The National Academy of Inventors has recognized two UF professors for their work in creating and patenting innovations.
Roy Curtiss III, a professor in the department of infectious diseases and pathology, and Ann Progulske-Fox, a professor in the College of Dentistry, will join the list of UF faculty who have been inducted into the NAI, bringing the total to 11.
Progulske-Fox said she received the news the night before her birthday.
She was nominated, but she said she didn’t think she would get it. She found out Dec. 9 she was one of 168 recognized in 2015 by the organization.
She and Curtiss will be inducted April 15 at the NAI conference in Washington, D.C.
“It was a very nice early birthday present,” Progulske-Fox said.
She said the group effort among her and two other UF alumni faculty led them to create a method that finds genes in bacteria and allows researchers to see how those genes react in the human body.
As a result, they’ve been able to create a kit for dentists to use on patients, she said. It identifies periodontal disease, a type of gum disease that can lead to heart problems.

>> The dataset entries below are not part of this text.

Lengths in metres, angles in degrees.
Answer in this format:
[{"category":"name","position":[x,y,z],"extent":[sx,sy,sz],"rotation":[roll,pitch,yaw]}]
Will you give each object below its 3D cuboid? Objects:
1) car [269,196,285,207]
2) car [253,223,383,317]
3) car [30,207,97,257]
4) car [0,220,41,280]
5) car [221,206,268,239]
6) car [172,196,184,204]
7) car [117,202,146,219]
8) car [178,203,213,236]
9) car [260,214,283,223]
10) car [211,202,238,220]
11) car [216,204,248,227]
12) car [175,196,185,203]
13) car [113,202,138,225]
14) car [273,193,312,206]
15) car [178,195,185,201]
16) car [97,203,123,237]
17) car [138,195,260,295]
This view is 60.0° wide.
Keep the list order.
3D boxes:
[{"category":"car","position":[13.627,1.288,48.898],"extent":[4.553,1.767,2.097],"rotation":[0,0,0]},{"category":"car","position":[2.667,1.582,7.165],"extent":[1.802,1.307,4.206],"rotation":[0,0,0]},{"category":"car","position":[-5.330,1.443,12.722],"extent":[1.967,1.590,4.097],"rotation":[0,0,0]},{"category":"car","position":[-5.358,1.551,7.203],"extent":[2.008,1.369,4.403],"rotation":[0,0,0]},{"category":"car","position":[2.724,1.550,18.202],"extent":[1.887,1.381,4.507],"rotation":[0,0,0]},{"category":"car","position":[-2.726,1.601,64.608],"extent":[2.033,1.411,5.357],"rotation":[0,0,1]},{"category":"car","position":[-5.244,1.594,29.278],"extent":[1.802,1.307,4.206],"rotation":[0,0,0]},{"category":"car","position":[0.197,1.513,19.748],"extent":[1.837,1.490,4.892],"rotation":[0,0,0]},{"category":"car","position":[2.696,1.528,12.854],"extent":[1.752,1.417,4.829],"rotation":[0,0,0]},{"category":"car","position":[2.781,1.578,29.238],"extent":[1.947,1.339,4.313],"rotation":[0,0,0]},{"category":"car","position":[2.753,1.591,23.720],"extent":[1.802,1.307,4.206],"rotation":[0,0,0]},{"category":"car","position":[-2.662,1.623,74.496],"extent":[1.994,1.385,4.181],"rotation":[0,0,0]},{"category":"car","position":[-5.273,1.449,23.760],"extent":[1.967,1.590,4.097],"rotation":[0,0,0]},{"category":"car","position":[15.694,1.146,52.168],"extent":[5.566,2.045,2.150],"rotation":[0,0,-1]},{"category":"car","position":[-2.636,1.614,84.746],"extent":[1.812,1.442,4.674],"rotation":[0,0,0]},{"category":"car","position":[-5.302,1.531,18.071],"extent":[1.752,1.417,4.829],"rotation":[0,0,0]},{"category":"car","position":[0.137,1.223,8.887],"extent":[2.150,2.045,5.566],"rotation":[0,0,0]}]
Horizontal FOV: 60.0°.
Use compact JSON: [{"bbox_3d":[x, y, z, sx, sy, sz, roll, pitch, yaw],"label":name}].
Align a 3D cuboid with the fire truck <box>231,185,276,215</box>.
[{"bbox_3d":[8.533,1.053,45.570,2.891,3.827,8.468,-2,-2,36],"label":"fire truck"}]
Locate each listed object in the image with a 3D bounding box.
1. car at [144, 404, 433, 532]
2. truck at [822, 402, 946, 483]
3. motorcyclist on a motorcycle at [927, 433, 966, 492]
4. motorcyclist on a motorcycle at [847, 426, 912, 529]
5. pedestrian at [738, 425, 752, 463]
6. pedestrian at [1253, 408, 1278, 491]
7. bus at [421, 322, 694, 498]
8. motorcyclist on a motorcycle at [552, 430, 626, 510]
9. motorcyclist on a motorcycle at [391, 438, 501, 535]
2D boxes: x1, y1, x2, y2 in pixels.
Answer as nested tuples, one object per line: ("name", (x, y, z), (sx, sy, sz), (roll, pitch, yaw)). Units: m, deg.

The method has led to countless other researchers discovering important genes in bacteria and how those genes cause problems in the human body, Progulske-Fox said.

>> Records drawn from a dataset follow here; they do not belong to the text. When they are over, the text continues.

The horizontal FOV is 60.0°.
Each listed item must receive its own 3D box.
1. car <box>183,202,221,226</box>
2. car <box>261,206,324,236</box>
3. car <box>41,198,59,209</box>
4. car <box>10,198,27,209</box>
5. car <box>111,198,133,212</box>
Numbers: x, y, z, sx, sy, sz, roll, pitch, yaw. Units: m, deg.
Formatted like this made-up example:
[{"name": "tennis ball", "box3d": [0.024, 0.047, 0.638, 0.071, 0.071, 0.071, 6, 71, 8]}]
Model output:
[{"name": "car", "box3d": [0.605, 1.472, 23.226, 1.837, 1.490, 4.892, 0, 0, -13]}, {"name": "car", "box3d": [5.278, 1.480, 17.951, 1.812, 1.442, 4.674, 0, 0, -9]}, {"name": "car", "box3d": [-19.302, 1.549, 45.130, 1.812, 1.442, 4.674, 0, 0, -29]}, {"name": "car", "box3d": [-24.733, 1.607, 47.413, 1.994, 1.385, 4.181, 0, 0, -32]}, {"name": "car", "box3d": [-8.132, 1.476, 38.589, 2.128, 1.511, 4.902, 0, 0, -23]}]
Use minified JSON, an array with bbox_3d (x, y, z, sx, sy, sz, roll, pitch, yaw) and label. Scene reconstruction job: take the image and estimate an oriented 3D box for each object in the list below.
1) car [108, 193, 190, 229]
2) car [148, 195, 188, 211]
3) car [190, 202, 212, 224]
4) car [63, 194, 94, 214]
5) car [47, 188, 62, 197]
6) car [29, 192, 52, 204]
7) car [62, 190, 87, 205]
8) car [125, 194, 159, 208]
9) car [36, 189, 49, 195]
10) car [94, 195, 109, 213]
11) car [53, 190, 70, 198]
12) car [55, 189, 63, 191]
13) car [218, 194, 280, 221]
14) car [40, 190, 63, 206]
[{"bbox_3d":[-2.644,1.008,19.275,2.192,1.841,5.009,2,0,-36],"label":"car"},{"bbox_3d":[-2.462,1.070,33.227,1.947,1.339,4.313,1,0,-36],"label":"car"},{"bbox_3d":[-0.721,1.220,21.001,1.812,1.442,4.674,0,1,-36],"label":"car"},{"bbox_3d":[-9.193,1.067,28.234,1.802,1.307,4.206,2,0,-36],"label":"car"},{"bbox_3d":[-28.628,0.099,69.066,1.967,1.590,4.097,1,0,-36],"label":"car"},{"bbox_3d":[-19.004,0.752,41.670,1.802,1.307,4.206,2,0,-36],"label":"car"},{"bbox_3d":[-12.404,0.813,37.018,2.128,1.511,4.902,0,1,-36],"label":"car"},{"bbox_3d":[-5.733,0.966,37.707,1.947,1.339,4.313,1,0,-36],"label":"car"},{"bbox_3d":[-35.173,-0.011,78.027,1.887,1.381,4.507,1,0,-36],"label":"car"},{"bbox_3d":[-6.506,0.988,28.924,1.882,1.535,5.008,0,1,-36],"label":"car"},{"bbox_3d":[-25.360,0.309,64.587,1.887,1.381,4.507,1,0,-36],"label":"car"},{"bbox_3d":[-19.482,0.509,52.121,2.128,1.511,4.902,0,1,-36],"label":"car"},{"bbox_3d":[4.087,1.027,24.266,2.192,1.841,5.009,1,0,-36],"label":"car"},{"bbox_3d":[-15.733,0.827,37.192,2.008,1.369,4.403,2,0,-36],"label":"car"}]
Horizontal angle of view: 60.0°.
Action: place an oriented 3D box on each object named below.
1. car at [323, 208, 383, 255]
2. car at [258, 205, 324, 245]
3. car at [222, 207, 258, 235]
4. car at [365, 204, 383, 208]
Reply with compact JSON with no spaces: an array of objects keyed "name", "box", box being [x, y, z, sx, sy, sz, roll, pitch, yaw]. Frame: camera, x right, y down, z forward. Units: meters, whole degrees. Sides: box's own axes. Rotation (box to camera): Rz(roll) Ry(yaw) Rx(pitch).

John Byatt, the associate director at UF’s Office of Licensing Technology, said Progulske-Fox’s and Curtiss’ works have been successful.
“It helps us show that not only are we getting research dollars, but those research dollars are resulting in innovations which are significant to society,” Byatt said.
Curtiss was recognized for his 40 years’ worth of patents.
Curtiss said he has patents pending, but has more than 100 being used worldwide in places such as Europe, Japan and South Africa. His first patent was filed in February 1976.
Last year, he filed five U.S. patents. He said he’s lost track of his total number.
He’s currently working on developing technology for vaccines to control salmonella.